Apesar de ser um cenário longe do ideal, os investidores acreditam que a luz acesa no painel de controle seja o suficiente para evitar que a elevação da taxa de juros drene ainda mais a atividade econômica.
O fôlego extra visto nas bolsas de Nova York, no entanto, custou a empolgar o Ibovespa. Por aqui, os investidores precisaram de algo a mais para subir a ladeira — ainda que o cenário de recessão técnica nos EUA tenha contribuído para o dólar à vista recuar 1,67%, a R$ 5,1633.
O dia poderia ter seguido desta forma até o desfecho, mas a Petrobras (PETR4) fez o favor de encher o tanque do mercado e levar o principal índice da bolsa brasileira aos 102.596 pontos, em alta de 1,14%.
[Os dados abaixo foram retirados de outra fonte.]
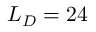<formula> <loc_0><loc_0><loc_500><loc_500>L _ { D } = 2 4</formula> 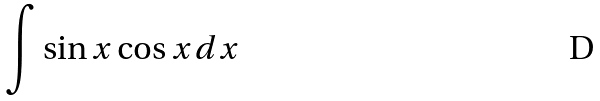<formula> <loc_0><loc_0><loc_500><loc_500>\int \sin x \cos x d x</formula> 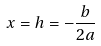<formula> <loc_0><loc_0><loc_500><loc_500>x = h = - \frac { b } { 2 a }</formula> 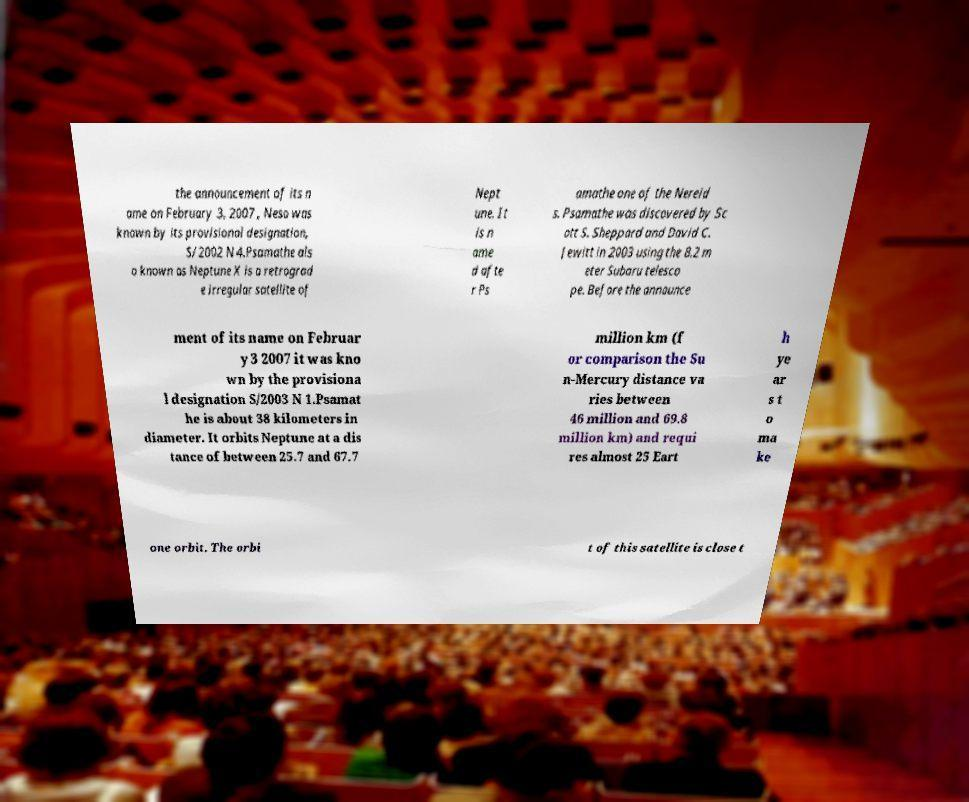What messages or text are displayed in this image? I need them in a readable, typed format. the announcement of its n ame on February 3, 2007 , Neso was known by its provisional designation, S/2002 N 4.Psamathe als o known as Neptune X is a retrograd e irregular satellite of Nept une. It is n ame d afte r Ps amathe one of the Nereid s. Psamathe was discovered by Sc ott S. Sheppard and David C. Jewitt in 2003 using the 8.2 m eter Subaru telesco pe. Before the announce ment of its name on Februar y 3 2007 it was kno wn by the provisiona l designation S/2003 N 1.Psamat he is about 38 kilometers in diameter. It orbits Neptune at a dis tance of between 25.7 and 67.7 million km (f or comparison the Su n-Mercury distance va ries between 46 million and 69.8 million km) and requi res almost 25 Eart h ye ar s t o ma ke one orbit. The orbi t of this satellite is close t 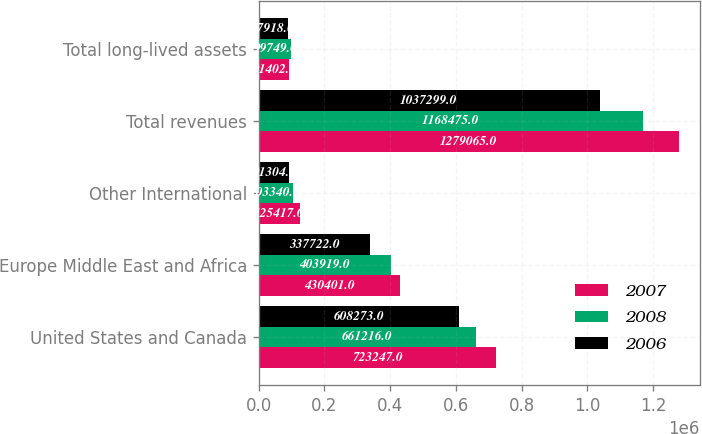Convert chart to OTSL. <chart><loc_0><loc_0><loc_500><loc_500><stacked_bar_chart><ecel><fcel>United States and Canada<fcel>Europe Middle East and Africa<fcel>Other International<fcel>Total revenues<fcel>Total long-lived assets<nl><fcel>2007<fcel>723247<fcel>430401<fcel>125417<fcel>1.27906e+06<fcel>91402<nl><fcel>2008<fcel>661216<fcel>403919<fcel>103340<fcel>1.16848e+06<fcel>99749<nl><fcel>2006<fcel>608273<fcel>337722<fcel>91304<fcel>1.0373e+06<fcel>87918<nl></chart>

E não estamos falando da nova queda no preço da gasolina anunciada pela estatal na parte da manhã, mas sim da bolada gorda de dividendos que a Petrobras irá pagar aos seus acionistas.
Ao todo, serão distribuídos pela Petrobras R$ 87 bilhões — cerca de R$ 6,73 por ação, um recorde trimestral. O movimento da petroleira coincide com a pressão do governo federal para engordar os cofres públicos.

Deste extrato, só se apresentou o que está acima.